Treloar and colleagues have written that, 'conceptualizing, investigating and verifying individual's experience of genetic discrimination constitute a challenging endeavour' 47. Discrimination surely can take many subtle forms. For example, rather than charging a higher premium or excluding an applicant, an insurance company could decide to process an application more slowly or ignore phone calls and emails in the hope of discouraging pursuit of the application process. In this case, the applicant might not even be aware that she or he has been discriminated against.
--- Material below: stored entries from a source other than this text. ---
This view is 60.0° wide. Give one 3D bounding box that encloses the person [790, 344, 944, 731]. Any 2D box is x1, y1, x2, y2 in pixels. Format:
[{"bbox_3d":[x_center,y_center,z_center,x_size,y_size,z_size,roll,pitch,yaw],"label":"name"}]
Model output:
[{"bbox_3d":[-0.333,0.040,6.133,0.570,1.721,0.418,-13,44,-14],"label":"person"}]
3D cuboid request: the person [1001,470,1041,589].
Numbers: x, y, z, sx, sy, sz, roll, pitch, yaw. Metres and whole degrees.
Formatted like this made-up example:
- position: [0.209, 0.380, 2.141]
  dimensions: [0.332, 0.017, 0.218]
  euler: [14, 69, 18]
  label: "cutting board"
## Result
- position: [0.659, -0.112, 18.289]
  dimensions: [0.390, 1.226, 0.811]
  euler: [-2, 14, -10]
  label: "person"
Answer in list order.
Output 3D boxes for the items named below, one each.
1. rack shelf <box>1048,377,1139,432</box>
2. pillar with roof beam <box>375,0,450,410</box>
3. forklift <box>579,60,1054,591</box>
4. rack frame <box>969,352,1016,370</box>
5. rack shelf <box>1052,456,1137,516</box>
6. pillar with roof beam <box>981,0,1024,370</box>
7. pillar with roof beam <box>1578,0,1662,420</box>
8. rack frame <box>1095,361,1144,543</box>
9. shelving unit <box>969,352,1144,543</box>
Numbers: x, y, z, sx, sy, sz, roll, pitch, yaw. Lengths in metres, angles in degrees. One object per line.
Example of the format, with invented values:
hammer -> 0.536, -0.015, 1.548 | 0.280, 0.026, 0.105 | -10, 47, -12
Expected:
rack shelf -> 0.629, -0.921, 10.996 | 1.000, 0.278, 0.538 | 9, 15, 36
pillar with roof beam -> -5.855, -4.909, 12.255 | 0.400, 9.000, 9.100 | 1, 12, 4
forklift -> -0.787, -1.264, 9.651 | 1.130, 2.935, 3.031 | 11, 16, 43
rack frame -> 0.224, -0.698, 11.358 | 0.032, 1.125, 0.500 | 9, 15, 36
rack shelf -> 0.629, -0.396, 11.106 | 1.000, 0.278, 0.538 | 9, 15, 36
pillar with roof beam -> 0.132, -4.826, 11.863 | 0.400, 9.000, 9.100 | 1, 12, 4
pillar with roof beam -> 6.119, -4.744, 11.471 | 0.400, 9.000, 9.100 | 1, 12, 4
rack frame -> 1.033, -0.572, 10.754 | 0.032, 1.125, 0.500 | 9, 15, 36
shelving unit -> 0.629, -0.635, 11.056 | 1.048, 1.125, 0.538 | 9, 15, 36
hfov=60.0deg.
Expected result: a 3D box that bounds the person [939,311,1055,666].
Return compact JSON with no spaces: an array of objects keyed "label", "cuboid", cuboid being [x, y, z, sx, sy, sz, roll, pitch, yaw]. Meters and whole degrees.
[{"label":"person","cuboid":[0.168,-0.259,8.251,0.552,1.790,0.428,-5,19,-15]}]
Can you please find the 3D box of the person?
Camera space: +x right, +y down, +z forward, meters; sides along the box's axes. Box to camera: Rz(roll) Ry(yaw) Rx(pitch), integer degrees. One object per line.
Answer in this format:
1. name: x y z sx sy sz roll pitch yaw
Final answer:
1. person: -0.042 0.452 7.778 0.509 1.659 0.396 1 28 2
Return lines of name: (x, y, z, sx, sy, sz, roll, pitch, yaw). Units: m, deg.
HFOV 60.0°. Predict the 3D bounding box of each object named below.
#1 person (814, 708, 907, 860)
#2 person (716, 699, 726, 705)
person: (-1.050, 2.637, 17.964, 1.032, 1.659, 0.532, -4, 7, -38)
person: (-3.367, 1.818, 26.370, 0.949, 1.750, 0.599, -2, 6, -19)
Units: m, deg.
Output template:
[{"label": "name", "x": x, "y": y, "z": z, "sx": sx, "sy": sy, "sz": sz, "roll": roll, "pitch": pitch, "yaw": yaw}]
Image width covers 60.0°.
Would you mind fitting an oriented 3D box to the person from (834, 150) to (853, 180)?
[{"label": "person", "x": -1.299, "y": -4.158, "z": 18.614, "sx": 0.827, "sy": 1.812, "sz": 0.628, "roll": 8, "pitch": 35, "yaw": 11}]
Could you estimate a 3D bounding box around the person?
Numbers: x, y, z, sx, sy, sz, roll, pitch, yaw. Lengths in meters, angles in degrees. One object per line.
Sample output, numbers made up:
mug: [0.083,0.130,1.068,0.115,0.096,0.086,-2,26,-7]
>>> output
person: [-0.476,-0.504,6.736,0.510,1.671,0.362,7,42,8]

Given these serious challenges, it should come as no surprise that the five most influential studies on GD within academia, as measured by Web of Science and Google Scholar citation rates (see Table 4), all suffer from important limitations. For example, the most cited article on GD in life insurance, a precursor 1992 pilot study by Billings et al., used a broad definition of GD and reported 29 responses describing 41 separate incidents of possible discrimination (32 in the field of insurance) 13. The study undertook an extensive advertising campaign (1,119 letters mailed to genetic professionals, an advertisement in the American Journal of Human Genetics, and similar advertisements published in several patient organization newsletters) to elicit this relatively small number of potential discrimination cases from an under-defined population that included symptomatic respondents. The authors of the study acknowledged the limitations of their work stating that it is not meant to demonstrate the prevalence or the full range of discriminatory practices. Nevertheless, their conclusion that unfair and discriminatory use of genetic data existed and that new laws and sanctions should be considered does not seem to accord with the limited data and exploratory methodology provided in the study. Learning from early experiences and challenges in this field, more recent studies tend to draw more cautious or qualified conclusions and to recognize their own substantial methodological limitations 32.